Jakoś nie mam szczęścia do krokusów. Pierwsze posadzone wymarzły- 30 bez śniegu. Następny rok pożarte przez jakieś myszory. Teraz sadzone w marcu (!) już w koszyczkach. Będę zdawać fotorelacje
I to jest dla mnie zagadką, powinna być odmiana Vanguard. Nie wiem, czy jest to mieszanina czy wirus . Cztery jasne kwiaty kwitną dwa dni wcześniej. Reszta wygląda jak Pickwick.
Przepraszam za błędy w tekście, ale ja nie jestem z Polski, czytam i rozumiem ale nie mogę napisać tekst ... piszę tylko przez online tłumacza ;-)
Mariola54Ptaki nie zjadają cebule ,ewentualnie szpak może zerwać kwiatka ale to bardziej aksamitki czy stokrotki żeby nie było robaków w gniazdku.Mam od lat szpaki i inne ptaki(dokarmiam zimą są ich naprawdę duże ilości)i nikt nie zainteresował się krokusami.Wczoraj szpak zerwał do gniazda stokrotkę.A cebulki może po prostu zgniły u mnie jest tak z tulipanami.
Rennni, tak te I doliczyłam się ile mają płatków- po 3 To jest szlachetna odmiana?
Domyślam się, że botaniczne zakwitają jako pierwsze, są mniej atrakcyjne, czy też szybciej przekwitają?
Nie mogę oczu nacieszyć patrząc na Wasze krokusy, moje wzeszły i część zakwitła a część będzie jeszcze kwitła. Mam posadzone w trawniku przed domem i niestety jakiś człowiek zadeptał moje rozkwitnięte kwiatuszki mimo że obok jest chodnik.
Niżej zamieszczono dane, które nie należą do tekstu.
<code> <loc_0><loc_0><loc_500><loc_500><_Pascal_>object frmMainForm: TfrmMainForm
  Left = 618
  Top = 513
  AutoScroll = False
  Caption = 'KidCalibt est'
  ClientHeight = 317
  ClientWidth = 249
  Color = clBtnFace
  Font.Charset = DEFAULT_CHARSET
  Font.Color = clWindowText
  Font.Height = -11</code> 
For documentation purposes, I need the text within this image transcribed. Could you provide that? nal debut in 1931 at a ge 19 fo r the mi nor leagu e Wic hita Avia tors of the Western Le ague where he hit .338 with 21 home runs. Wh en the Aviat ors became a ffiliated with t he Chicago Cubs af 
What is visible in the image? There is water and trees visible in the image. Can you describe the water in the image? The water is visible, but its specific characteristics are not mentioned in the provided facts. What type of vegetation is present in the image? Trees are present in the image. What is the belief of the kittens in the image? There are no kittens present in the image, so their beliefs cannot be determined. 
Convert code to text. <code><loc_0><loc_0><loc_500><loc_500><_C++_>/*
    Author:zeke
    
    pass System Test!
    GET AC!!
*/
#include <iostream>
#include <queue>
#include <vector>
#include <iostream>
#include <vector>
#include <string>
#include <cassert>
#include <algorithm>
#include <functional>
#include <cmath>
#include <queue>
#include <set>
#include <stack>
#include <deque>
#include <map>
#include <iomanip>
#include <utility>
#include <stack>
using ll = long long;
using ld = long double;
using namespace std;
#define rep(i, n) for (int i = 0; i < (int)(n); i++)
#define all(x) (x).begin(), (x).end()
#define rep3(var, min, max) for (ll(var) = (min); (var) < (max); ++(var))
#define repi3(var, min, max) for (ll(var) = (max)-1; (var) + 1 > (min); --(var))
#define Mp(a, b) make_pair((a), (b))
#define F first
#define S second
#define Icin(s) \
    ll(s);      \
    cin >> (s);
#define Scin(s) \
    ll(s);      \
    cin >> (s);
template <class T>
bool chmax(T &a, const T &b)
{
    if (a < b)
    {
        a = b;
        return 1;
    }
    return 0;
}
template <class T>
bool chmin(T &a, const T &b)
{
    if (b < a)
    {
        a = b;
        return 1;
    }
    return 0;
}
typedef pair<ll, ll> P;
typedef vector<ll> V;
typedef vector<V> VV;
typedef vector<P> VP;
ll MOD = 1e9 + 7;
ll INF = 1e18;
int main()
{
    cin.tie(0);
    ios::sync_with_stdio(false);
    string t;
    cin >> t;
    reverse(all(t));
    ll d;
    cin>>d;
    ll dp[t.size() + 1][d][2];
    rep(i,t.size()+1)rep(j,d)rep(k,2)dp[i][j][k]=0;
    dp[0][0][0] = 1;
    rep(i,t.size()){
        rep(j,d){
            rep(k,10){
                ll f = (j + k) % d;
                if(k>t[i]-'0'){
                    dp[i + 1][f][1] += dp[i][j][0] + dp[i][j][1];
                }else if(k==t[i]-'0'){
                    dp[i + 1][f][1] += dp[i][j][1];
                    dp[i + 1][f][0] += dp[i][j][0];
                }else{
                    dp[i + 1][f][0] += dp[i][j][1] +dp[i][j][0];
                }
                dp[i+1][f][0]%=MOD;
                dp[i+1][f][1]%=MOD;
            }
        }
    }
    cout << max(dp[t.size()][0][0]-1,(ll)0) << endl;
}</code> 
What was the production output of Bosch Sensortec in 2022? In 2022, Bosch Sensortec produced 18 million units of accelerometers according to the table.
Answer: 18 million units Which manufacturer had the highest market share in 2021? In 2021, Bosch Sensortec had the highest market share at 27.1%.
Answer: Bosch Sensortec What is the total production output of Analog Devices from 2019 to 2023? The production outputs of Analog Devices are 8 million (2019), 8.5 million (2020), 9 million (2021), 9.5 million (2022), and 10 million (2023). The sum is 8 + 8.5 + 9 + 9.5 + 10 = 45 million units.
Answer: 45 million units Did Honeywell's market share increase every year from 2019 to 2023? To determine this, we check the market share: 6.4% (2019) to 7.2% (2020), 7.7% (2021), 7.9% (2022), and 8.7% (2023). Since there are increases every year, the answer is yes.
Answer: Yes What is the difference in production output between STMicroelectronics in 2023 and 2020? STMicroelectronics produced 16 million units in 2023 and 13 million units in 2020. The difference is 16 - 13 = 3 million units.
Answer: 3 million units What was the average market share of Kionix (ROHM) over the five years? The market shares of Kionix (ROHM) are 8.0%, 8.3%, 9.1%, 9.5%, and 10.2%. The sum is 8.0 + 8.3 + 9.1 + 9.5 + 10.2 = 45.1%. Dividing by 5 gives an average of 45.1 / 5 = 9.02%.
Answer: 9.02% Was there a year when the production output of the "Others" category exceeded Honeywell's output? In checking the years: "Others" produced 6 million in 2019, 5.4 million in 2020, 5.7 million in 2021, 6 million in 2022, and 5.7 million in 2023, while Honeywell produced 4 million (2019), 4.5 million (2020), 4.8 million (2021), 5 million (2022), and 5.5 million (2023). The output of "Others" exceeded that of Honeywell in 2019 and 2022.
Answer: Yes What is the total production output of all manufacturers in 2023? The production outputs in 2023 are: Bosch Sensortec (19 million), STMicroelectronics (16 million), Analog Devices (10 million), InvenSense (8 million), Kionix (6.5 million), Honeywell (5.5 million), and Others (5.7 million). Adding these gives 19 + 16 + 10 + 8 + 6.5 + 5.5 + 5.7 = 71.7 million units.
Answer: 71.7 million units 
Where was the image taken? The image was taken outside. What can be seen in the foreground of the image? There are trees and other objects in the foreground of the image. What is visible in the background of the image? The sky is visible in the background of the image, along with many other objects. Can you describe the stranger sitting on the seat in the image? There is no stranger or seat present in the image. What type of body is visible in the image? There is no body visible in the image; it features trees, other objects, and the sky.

Aquaforta, botaniczne nie są mniej atrakcyjne, także mają ładne kolory. Czy też szybciej przekwitają? Myślę, że nie. pull, ponownie ładne zdjęcia..... Tulap , "przebiśnieg je w nocy doświetla"
Ruby giant
Przepraszam za błędy w tekście, ale ja nie jestem z Polski, czytam i rozumiem ale nie mogę napisać tekst ... piszę tylko przez online tłumacza ;-)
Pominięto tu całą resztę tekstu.